A uma banda, aparece-nos a turba do povinho miúdo, que fora alvoroçada e impelida à
contenda pelo acúmulo de heranças que se originou da moléstia; à outra, os aristocratas
senhores rurais e a classe média dos «homens-bons» (os «donos das herdades e lavradores»),
que, vendo-se falta de serviçais, havia pretendido obrigar os mais pobres a regressarem à
situação que precedera a peste, com os salários que vigoravam anteriormente a ela.
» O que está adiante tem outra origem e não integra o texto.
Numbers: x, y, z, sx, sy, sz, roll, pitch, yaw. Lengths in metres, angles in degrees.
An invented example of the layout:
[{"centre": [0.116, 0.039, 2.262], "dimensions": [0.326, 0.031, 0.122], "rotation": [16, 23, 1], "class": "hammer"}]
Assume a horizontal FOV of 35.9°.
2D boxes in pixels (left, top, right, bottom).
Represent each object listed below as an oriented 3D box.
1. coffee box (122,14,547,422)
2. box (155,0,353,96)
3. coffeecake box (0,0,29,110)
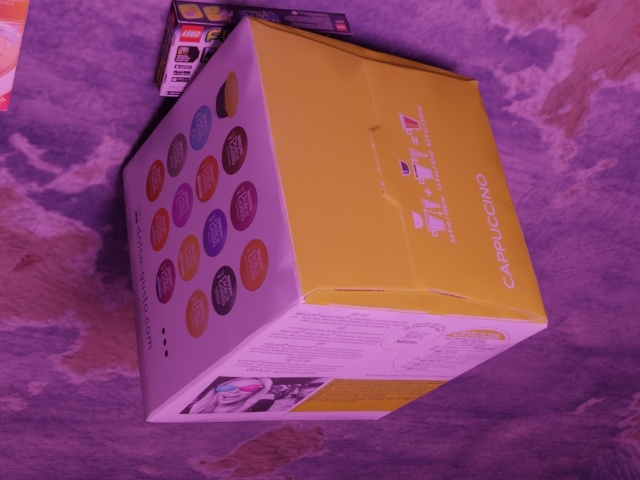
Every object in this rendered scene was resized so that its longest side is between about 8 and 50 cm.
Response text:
[{"centre": [0.000, 0.000, 1.152], "dimensions": [0.338, 0.338, 0.334], "rotation": [8, 148, -34], "class": "coffee box"}, {"centre": [-0.077, -0.213, 1.136], "dimensions": [0.206, 0.036, 0.114], "rotation": [0, 142, -23], "class": "box"}, {"centre": [-0.370, -0.220, 0.973], "dimensions": [0.142, 0.068, 0.185], "rotation": [1, 142, -26], "class": "coffeecake box"}]
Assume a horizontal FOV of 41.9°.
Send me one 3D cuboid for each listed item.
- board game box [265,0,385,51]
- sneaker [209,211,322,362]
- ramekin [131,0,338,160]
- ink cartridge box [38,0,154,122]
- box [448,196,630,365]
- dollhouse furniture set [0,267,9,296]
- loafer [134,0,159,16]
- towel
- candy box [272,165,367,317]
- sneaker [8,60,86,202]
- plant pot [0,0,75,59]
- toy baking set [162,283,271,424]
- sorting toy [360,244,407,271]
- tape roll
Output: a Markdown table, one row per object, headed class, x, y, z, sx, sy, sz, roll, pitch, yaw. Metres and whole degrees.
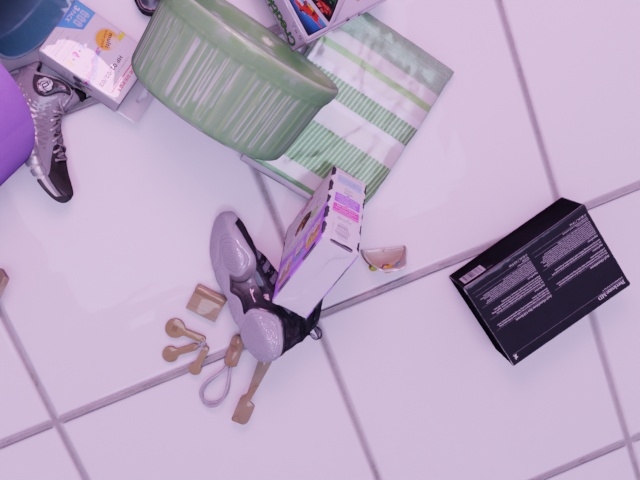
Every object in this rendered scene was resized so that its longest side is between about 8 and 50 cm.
| class | x | y | z | sx | sy | sz | roll | pitch | yaw |
| --- | --- | --- | --- | --- | --- | --- | --- | --- | --- |
| board game box | -0.038 | -0.473 | 1.297 | 0.193 | 0.053 | 0.305 | -35 | 103 | -31 |
| sneaker | -0.088 | 0.069 | 1.451 | 0.153 | 0.101 | 0.269 | -14 | 78 | -37 |
| ramekin | -0.136 | -0.254 | 1.268 | 0.303 | 0.303 | 0.148 | 32 | 106 | -14 |
| ink cartridge box | -0.341 | -0.281 | 1.330 | 0.181 | 0.061 | 0.104 | 34 | 75 | -15 |
| box | 0.398 | 0.073 | 1.524 | 0.261 | 0.103 | 0.184 | -34 | 103 | 0 |
| dollhouse furniture set | -0.640 | 0.068 | 1.368 | 0.183 | 0.129 | 0.129 | 21 | 101 | -43 |
| loafer | -0.262 | -0.466 | 1.306 | 0.076 | 0.078 | 0.223 | 4 | 102 | -10 |
| towel | 0.042 | -0.218 | 1.436 | 0.248 | 0.038 | 0.325 | 31 | 95 | -15 |
| candy box | 0.000 | 0.000 | 1.369 | 0.070 | 0.196 | 0.165 | 28 | 127 | -14 |
| sneaker | -0.425 | -0.182 | 1.345 | 0.132 | 0.086 | 0.229 | -27 | 105 | -4 |
| plant pot | -0.496 | -0.443 | 1.192 | 0.255 | 0.271 | 0.272 | 31 | 97 | -1 |
| toy baking set | -0.168 | 0.197 | 1.503 | 0.196 | 0.030 | 0.256 | -37 | 100 | 7 |
| sorting toy | 0.119 | 0.040 | 1.486 | 0.083 | 0.075 | 0.045 | -6 | 104 | -7 |
| tape roll | -0.566 | -0.190 | 1.234 | 0.274 | 0.090 | 0.275 | 15 | 136 | 15 |
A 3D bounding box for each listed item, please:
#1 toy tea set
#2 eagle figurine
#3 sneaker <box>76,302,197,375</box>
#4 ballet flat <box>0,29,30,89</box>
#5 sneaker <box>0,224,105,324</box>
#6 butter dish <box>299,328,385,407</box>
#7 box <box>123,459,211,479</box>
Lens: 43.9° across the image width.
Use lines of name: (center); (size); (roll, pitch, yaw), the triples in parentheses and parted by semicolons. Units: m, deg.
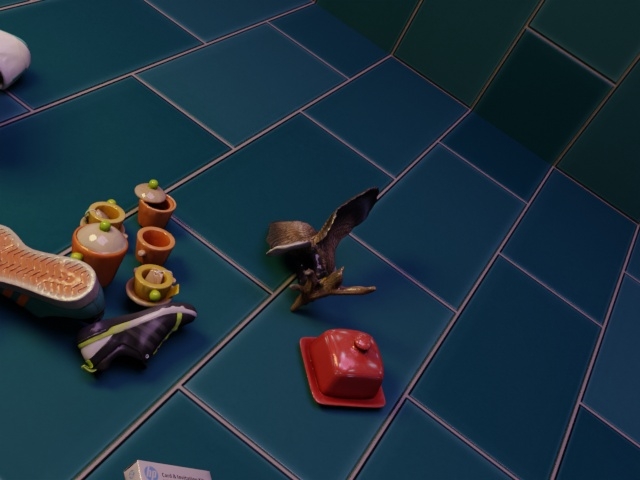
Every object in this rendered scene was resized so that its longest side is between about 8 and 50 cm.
toy tea set: (-0.353, -0.025, 1.485); (0.200, 0.124, 0.336); (13, 32, -17)
eagle figurine: (0.000, 0.007, 1.676); (0.227, 0.225, 0.298); (12, 50, -7)
sneaker: (-0.312, 0.176, 1.372); (0.235, 0.084, 0.097); (-13, 78, -41)
ballet flat: (-0.826, -0.432, 1.680); (0.401, 0.139, 0.139); (20, 38, -15)
sneaker: (-0.499, 0.068, 1.342); (0.302, 0.121, 0.108); (21, 55, 17)
butter dish: (0.059, 0.225, 1.510); (0.160, 0.118, 0.159); (9, 41, -26)
box: (-0.200, 0.415, 1.141); (0.145, 0.038, 0.186); (27, 29, -44)

Este
embate de interesses - esta dissensão entre classes - transformou-se finalmente em contendas
de morte quando os armadores e mercantes de Lisboa e do Porto (os altos burgueses do
comércio marítimo, superiores por natureza a tal crise de braços, que afligia somente o burguês
pequeno) se decidiu a desencadear a insurreição política e a assumir a chefia dos negócios
públicos, assoldadando para isso alguns homens de algo e incitando o povinho a passar aos
atos, -pelo que se entrou finalmente em revolução patente: revolução dirigida, organizada,
politicamente aproveitada pelo Burguês dos portos, à sombra dos direitos do Mestre de Avis,
que o Comerciante sustentava com razões e com guerra.
Em resumo (e se não estou em erro) quatro fatores sobressaem na metamorfose social que
deu tema à Crónica de D. João I:

1.º A luta de classe do Servidor e do Artífice, por um lado, contra o Senhor Aristocrata e o
Pequeno Burguês (a palavra « burguês » , como quem lê está notando, vai aqui com o
significado e com a extensão que tem hoje), luta que se originou do amontoar de heranças
consecutivo aos falecimentos pela peste grande e apoiou com uma briga social-económica (a
da classe dos operários com a dos « homens-bons » dos concelhos, que alinhavam ao lado dos
aristocratas) a revolução dirigida pelos comerciantes dos portos contra a hegemonia política da
fidalguia; 

2.º A audaciosa abertura da guerra civil pelo Alto Burguês do comércio marítimo, que inicia e
dirige o ataque armado ao regime político senhorial, representado pela rainha, pelo rei de
Castela e pela gente nobre, cujo cabecilha é o Andeiro e a quem a classe média acompanha;

3.º A introdução da tática que mais bem se adequava às forças do partido da burguesia, tática
de que Nun'Álvares se serviu a primor, sabendo combiná-la de maneira habilíssima com as
formas de terreno em que rendia o máximo;

4.º A iniciação efetiva no direito romano, muito mais condicente com a hegemonia burguesa
(quero eu dizer: que mais bem se coadunava com a direção do Estado pela mentalidade
característica do alto burguês dos portos, com o predomínio da economia comercial-marítima,
que tão intenso se tornou no nosso viver posterior) do que o direito senhorial e propriamente
medievo.

Tal é (com razão ou sem ela) a hipótese que proponho para a interpretação dos fenómenos: e
se não está muito errada, justifica-se o título de «revolução burguesa» (da alta burguesia,
claríssimo está, em oposição à nobreza e ao pequeno burguês «homem-bom») que tenho dado
a essa crise de 1383-85, tão airosamente descrita por Fernão Lopes.